Building Awareness of and Access to Mental Health Services
$240 million for programs that increase awareness and access to mental health supports for school-aged youth.
Providing Support after Traumatic Events
$40 million to improve treatment and services for children, adolescents, and families who have experienced traumatic events.
Hire More School-Based Mental Health Professionals
$300 million to help schools hire more school-based mental health professionals and help achieve the goal of doubling the number of school counselors. The purpose is to build and fortify a strong pipeline to train and place more school-based mental health professionals.
N: Navigate COVID-19 Relief Funding
Elementary and Secondary School Emergency Relief (ESSER) Fund
Representing the largest infusion of federal dollars ever to schools and stemming from three pieces of legislation (ESSER I, II, and III), ESSER allocations total $189.5 billion to state educational agencies. State education agencies then award subgrants to local educational agencies to address the impact of COVID-19 on children. A wide range of entities, including organizations serving students and families, may be a “subrecipient” of funds. ESSER funding allocates an additional $30,000 per student. Yet, most states have not yet spent all their awarded ESSER funds. ESSER III funding will expire in 2024. If districts haven’t allocated funds by then, the monies will disappear.

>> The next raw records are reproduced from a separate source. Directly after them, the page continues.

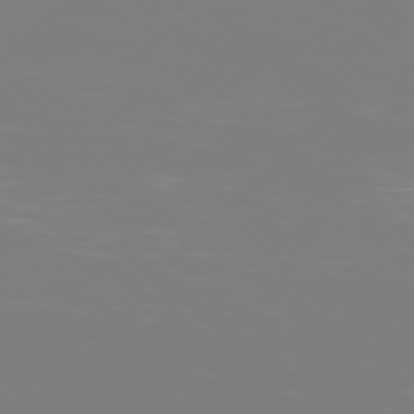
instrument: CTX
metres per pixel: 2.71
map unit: Ap
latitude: -78.6707
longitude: -60.6490
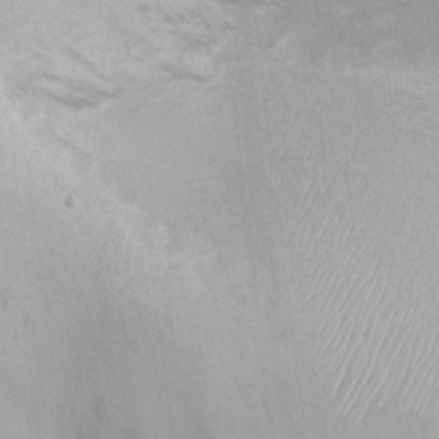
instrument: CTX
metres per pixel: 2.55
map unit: Ht
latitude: -1.5211
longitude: -15.2726
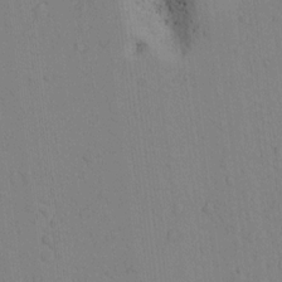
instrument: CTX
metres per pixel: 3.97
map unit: lAvf
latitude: 9.0836
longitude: 167.4643
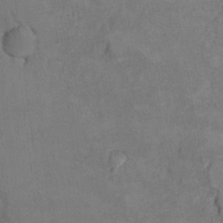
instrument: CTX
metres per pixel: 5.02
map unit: Hto
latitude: 8.0444
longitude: -35.6127
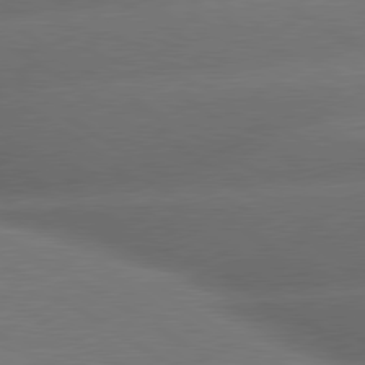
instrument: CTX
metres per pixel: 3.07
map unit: lApd
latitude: 79.8395
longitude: -154.8569
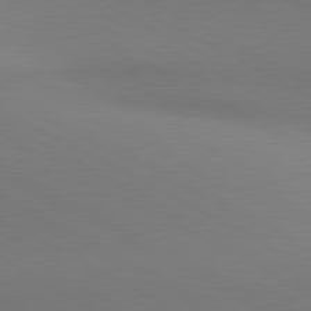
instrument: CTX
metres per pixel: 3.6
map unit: lApd
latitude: 81.0458
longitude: 146.4818
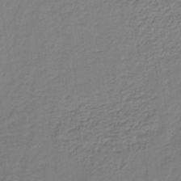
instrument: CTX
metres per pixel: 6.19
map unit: lHb
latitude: -38.0850
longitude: 59.1620
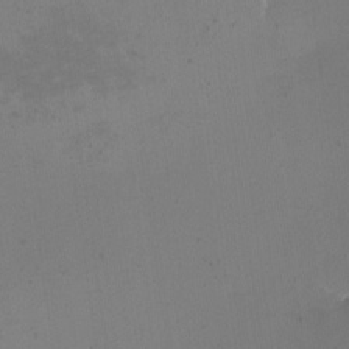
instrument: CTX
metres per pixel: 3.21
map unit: eHh
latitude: -5.0675
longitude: -78.8758
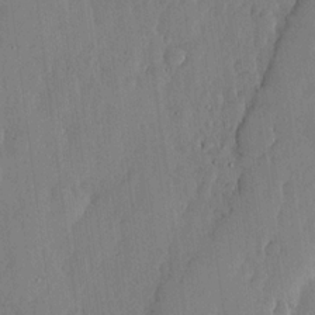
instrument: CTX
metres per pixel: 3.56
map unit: lHvf
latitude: 18.3278
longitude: -116.2145
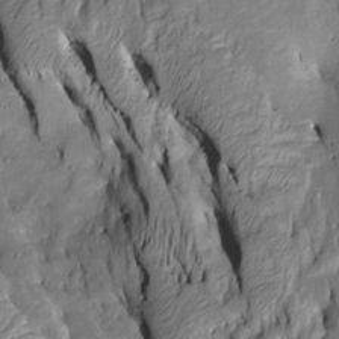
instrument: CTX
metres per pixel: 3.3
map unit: Htu
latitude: -7.4832
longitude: 144.5196
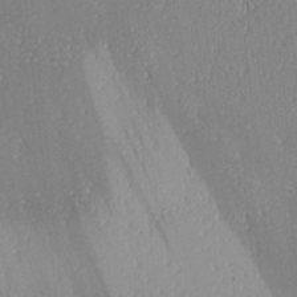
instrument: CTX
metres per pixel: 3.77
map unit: lAa
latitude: 1.7260
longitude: -115.9906
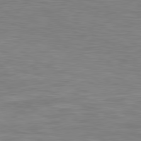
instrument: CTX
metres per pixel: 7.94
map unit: lApd
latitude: 79.6127
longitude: -126.5546
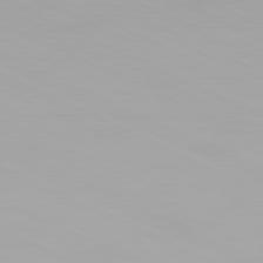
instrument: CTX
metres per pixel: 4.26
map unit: Hpe
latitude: -81.3888
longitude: 19.4454
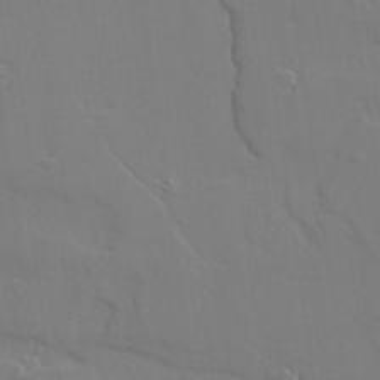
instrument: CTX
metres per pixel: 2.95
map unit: lAvf
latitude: 28.5168
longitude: -108.5356
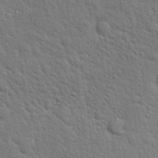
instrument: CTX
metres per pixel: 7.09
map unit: Hto
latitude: 19.6127
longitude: -52.0822
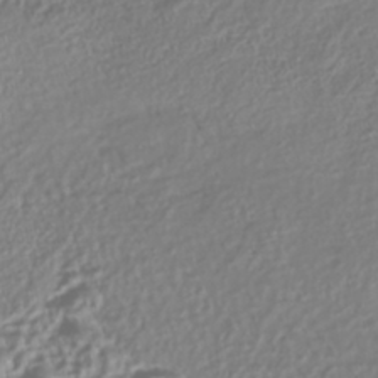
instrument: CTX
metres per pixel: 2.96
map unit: Nhe
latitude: -45.3699
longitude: 151.4076
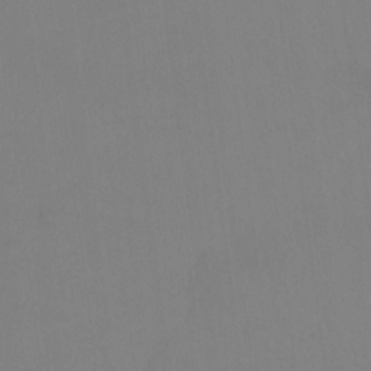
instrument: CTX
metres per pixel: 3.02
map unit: Hto
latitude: -12.6708
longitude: -40.0633
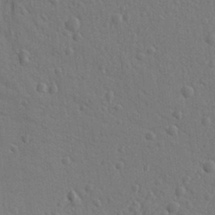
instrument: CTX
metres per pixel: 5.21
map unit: Ht
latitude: 9.9528
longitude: -77.1214
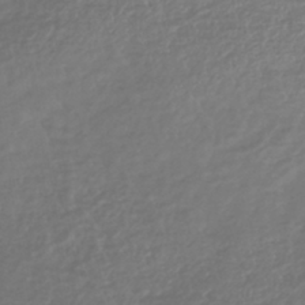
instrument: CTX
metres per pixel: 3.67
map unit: lHb
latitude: -41.4832
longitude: 71.6911
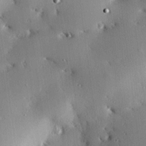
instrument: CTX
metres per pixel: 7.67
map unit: eHh
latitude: 22.4979
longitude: -90.4790
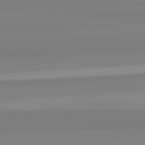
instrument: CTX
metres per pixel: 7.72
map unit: lApd
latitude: 82.4790
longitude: 173.7666
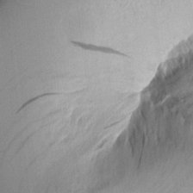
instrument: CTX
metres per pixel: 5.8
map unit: Aa
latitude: 10.5546
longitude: -127.0081

Governor’s Emergency Education Relief (GEER) fund
GEER grants are awarded directly to state governors for the purpose of providing local educational agencies, institutions of higher education, and other education related entities with emergency assistance. Governors may use these funds to provide support through a subgrant to an entity the Governor “deems essential” for carrying out emergency educational services, providing childcare and early childhood education, providing social and emotional support, and protecting education-related jobs. GEER funding will expire in 2023. GEER funding may be distributed to public agencies or private entities that coordinate or directly provide early intervention services under the Individuals with Disabilities Education Act (IDEA).